When Finns talk about social and health care, they often resort to using an acronym of sorts from the Finnish words ‘sosiaali’ and ‘terveys’, or ‘sote’. The reform bill proposes implementing a new structure of five large social welfare and health care regions that assume responsibility for arranging equal provision of social welfare and health care services in all parts of the country. The five new ‘Sote regions’ would also be responsible for monitoring the quality, amount and effectiveness of such services.
19 areas of responsibility
The responsibility for service provision will then lie with 19 different areas at most. These 19 groupings of local governments will provide the entire chain of social welfare and health care, from doctors taking care of patients to homecare workers caring for the elderly and social workers responsible for child welfare.
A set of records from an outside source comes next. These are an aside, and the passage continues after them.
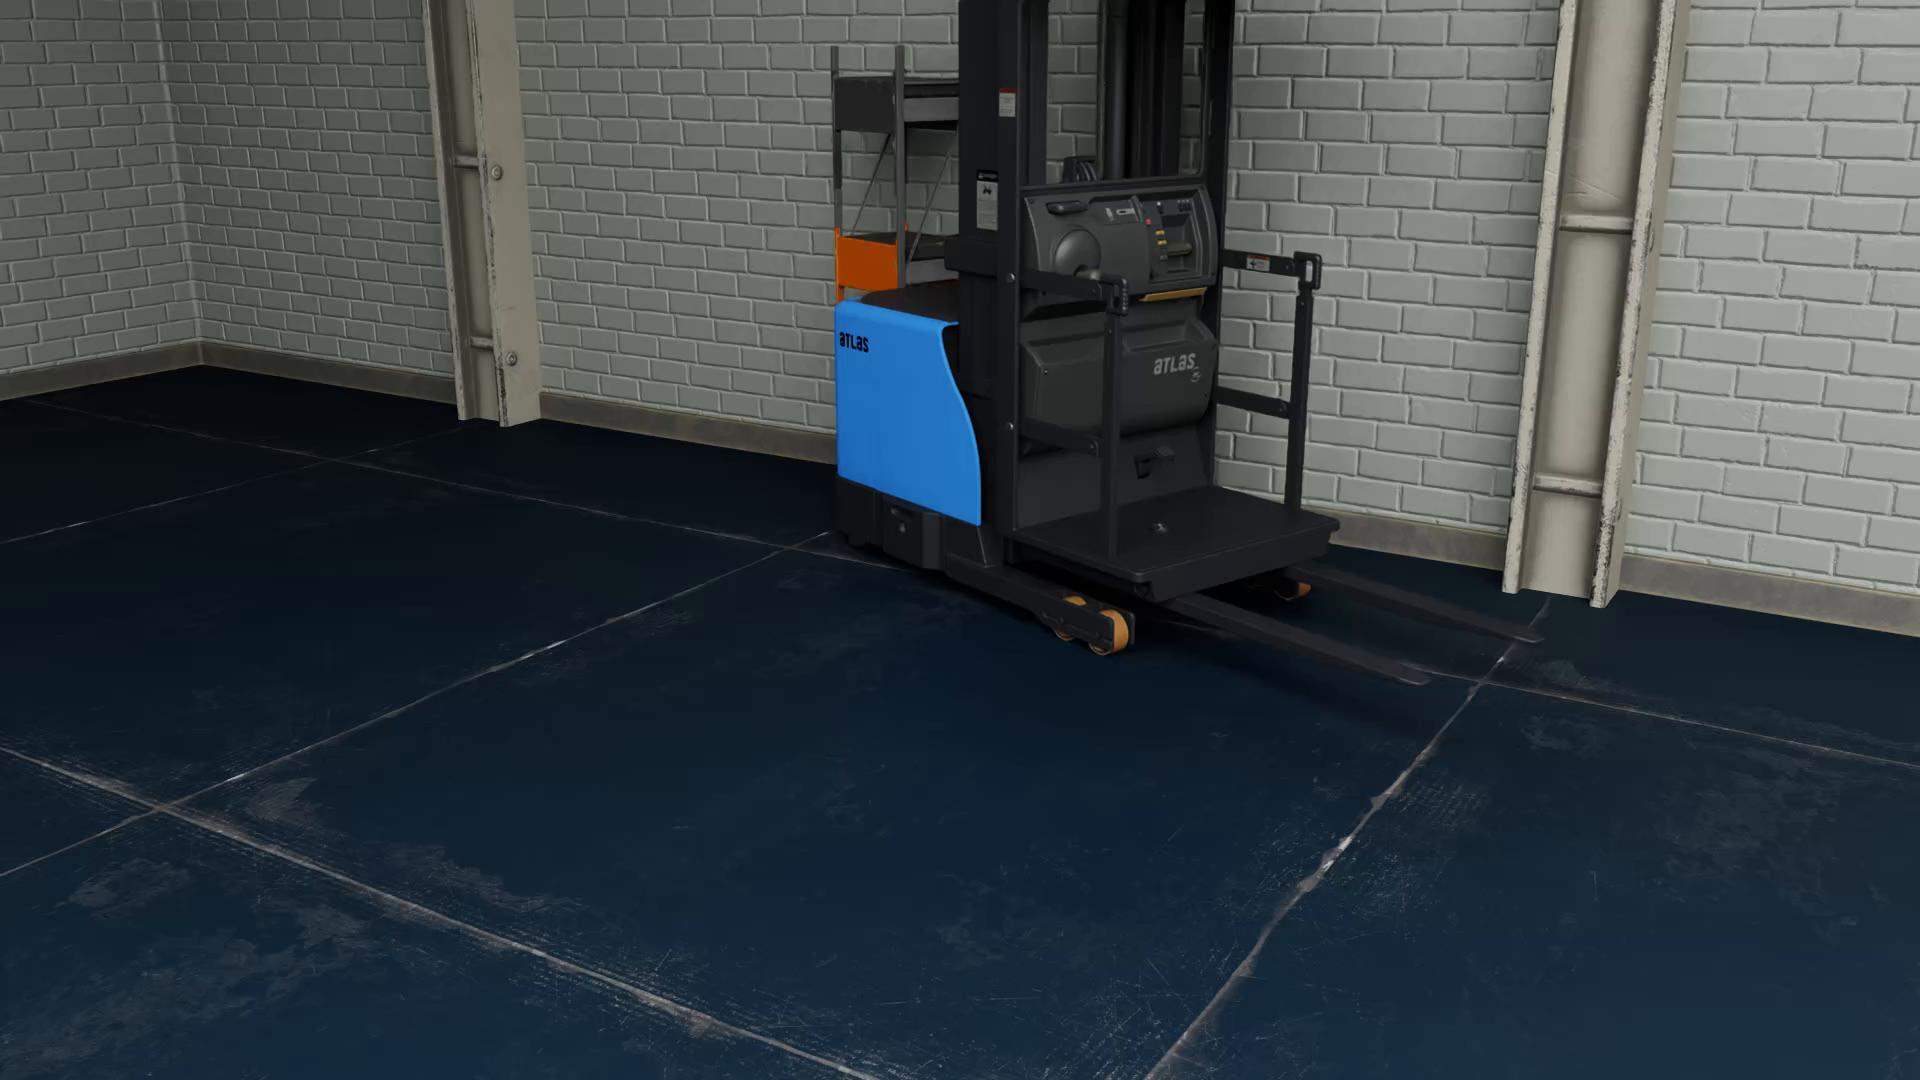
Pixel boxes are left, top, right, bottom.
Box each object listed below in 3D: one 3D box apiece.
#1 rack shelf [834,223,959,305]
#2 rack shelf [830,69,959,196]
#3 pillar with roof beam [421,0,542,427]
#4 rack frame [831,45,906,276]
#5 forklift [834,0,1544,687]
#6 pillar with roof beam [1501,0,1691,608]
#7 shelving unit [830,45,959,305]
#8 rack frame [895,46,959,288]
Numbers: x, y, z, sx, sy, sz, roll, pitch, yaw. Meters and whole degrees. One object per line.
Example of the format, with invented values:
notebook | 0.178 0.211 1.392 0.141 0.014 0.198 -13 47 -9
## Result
rack shelf | -0.264 -1.162 7.641 0.431 0.518 0.480 -13 21 -36
rack shelf | -0.264 -1.832 7.438 0.431 0.518 0.480 -13 21 -36
pillar with roof beam | -4.936 -3.953 4.913 0.400 9.000 9.100 10 20 30
rack frame | -0.415 -1.231 7.821 0.400 2.100 0.015 -13 21 -36
forklift | 0.751 -1.147 6.114 1.130 2.935 3.031 -13 21 -36
pillar with roof beam | 0.176 -3.041 1.909 0.400 9.000 9.100 10 20 30
shelving unit | -0.264 -1.175 7.637 0.431 2.100 0.503 -13 21 -36
rack frame | -0.114 -1.119 7.453 0.400 2.100 0.015 -13 21 -36

How Finland’s 317 municipalities will be distributed among the 19 areas of responsibility has not yet been decided.
Service provision plan
Each ‘Sote region’ will then draw up a region-specific service provision plan with the municipalities and joint authorities in its areas of responsibility. The plan will define how the social welfare and health care services will be carried out. The service provision plans will also determine the quality and level of services and how the availability of and access to the services will be ensured.
Who will foot the bill?
Municipal residents will continue to pay municipal taxes as they have in the past, and municipalities will also receive state funding. Half of the municipal funds will then be transferred to the Sote region, who will then distribute the money to the 19 areas of responsibility that provide the services.
Goal of the reform
The key objective of the government’s proposed reform is to create overseeing regions larger than municipalities responsible for the provision of social welfare and health care services in Finland, so only one administrative body would be in charge of a larger area. The underlying principle is that if an older person falls and breaks their hip, they will have an operation in hospital and then transfer smoothly to a health centre in-patient facility for follow-up care, and from there again home for rehabilitation. In this way, the entire care chain, from specialist doctors to local health care centre to home care would be under the jurisdiction of one region, hopefully avoiding unnecessary bouncing around and confusion.
According to the government, the reform seeks to mitigate the rising costs of Finland’s social welfare and health care services to guarantee that its aging population will continue to receive all of the services it needs in the future.